Is the Adapter plugged into a USB 2 or a USB 3 port?
If USB 3 try using a USB 2 port.

Lets try running Driver Verifier >Follow the instructions here, make sure to set a restore point before enabling verifier, also if you do not have Windows disk create a Windows repair disk verfier set up instructions here> 
http://www.techsupportforum.com/for...-windows-7-and-vista-bsod-related-473665.html


----------



## Kimichan (May 31, 2014)

Hello.
Sorry for late answering, i've been really really busy and couldn't get to my PC.

Allright, so I did some research, and I updated the wi-fi driver to the most upated one at the toshiba webpage (Drivers & Software Support | Toshiba > Wi-fi > 
Atheros Wireless Lan DriverPosted Date: 2014-05-24 | Version: 10.0.0.285.b3264_wCAT_wINF | Size: 37.45M).
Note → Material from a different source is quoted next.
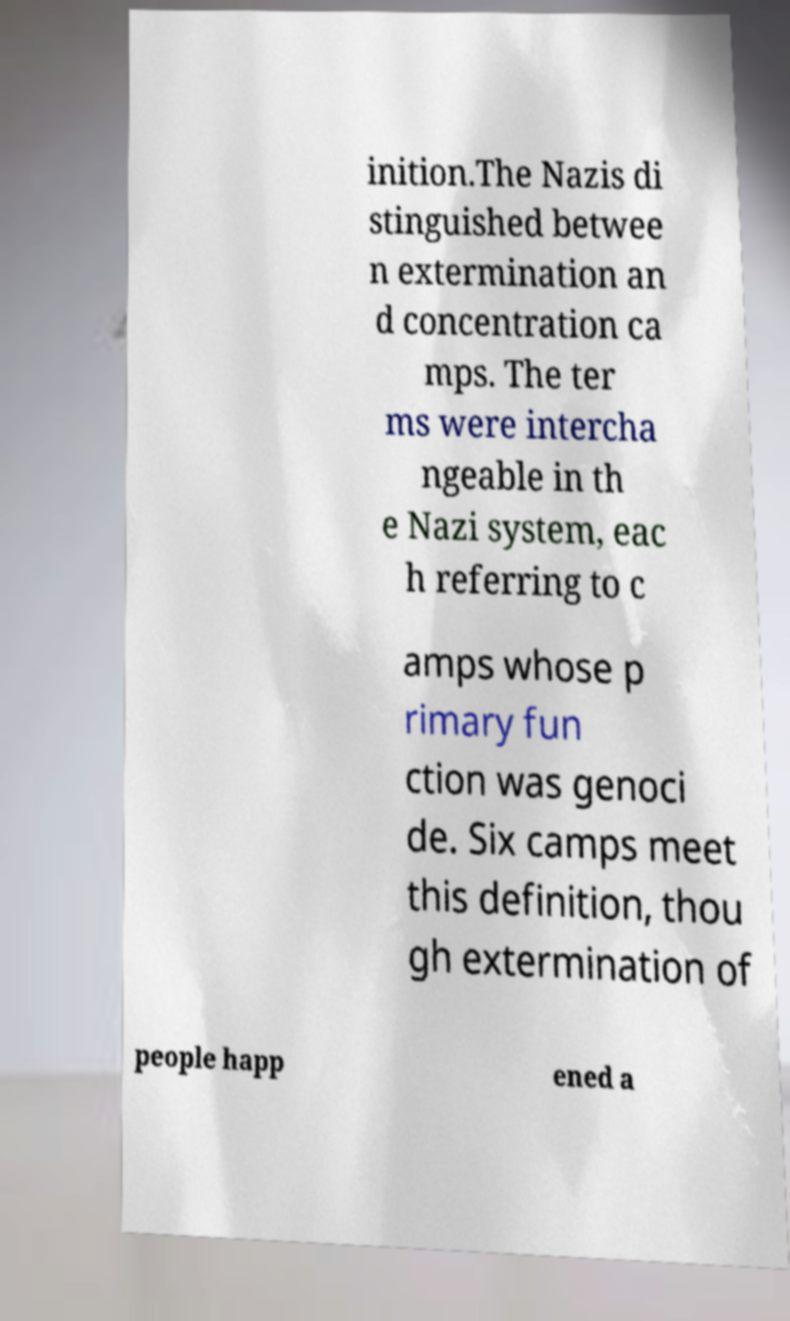For documentation purposes, I need the text within this image transcribed. Could you provide that? inition.The Nazis di stinguished betwee n extermination an d concentration ca mps. The ter ms were intercha ngeable in th e Nazi system, eac h referring to c amps whose p rimary fun ction was genoci de. Six camps meet this definition, thou gh extermination of people happ ened a

But the only and one error I've been getting is because of the archive Athurx.sys, the one that is on my PC is from 05/01/2010 (january fifth), and I can't seem to find a newer file of the archive. Can you guys help me, please? The BDODs are caused by this archieve, because without the adapter plugged in my Windows can run perfectly fine and stable, no matter what I do. But everything I do that is related to the driver will cause the BSOD to happen. And All the BSODs I've been having are caused by this file. 
I have also tried with a 2011 version if the file that was in another PC, but it did not made the BSODs stop. Could it be a MB problem after all? I've got all the MB drivers updated...
How can I find a newer version of Athurx.sys that may work after all? 
I'm getting worried...  
Thank you guys!


----------



## Wrench97 (May 10, 2008)

Try using different Wifi adapter, and uninstall the current Atheros drivers.


----------



## Kimichan (May 31, 2014)

Ok so I tried installing this Wifi adapter named... Intelbras WBN 240 and I noticed that there were different files for this one. But the problem is: I uninstalled all of the Atheros things by uninstalling it in the dipositive manager, then got to install the Intelbras one with the drivers from their website. But I restarted the PC many times and plugged on/off the adapter, but Windows could not see it as a driver and neither it was appearing as a Wifi adapter itself. So I had the driver installed, but it did not appeared like it was, even if I restart. 
Oh and yeah, I tried deleting the file Athurx.sys from the drivers folder but after restarting, the wi-fi adapter would not be recognised and I've had to install all the TP-Link Atheros drivers again. Nothing works without that file. 
Thanks.


----------



## Wrench97 (May 10, 2008)

If you are still using the TP link adapter of course you have to have the driver for it to work.
Intelbras WBN 240 is software the TP link adapter is a piece of hardware plugged into a USB port.


----------



## Kimichan (May 31, 2014)

I'm so sorry, I think I've confused you.
What I wanted to say is that when I installed the Intelbras driver and plugged it, it did not work. and was not shown at the internet drivers list. 
And... that IF I don't have Athurx.sys in the drivers folder, none of them would work properly.


----------



## Wrench97 (May 10, 2008)

That's correct, the Athurx.sys is for the piece of hardware you have plugged into the computer, you can not substitute any driver not designed to run it, only update it with official driver updates, if that does not make a difference then it's time to unplug the device from the usb port and try using a different one as very possibly the hardware is failing.


----------



## Kimichan (May 31, 2014)

So, please, let me just check if I understood you right. What you're saying is that even if I change my TP-Link network wireless adapter for the Intelbras one, and also uninstall the TP-Link drivers and install the Intelbras one, I WILL need to have the Athurx.sys file on System32 drivers? 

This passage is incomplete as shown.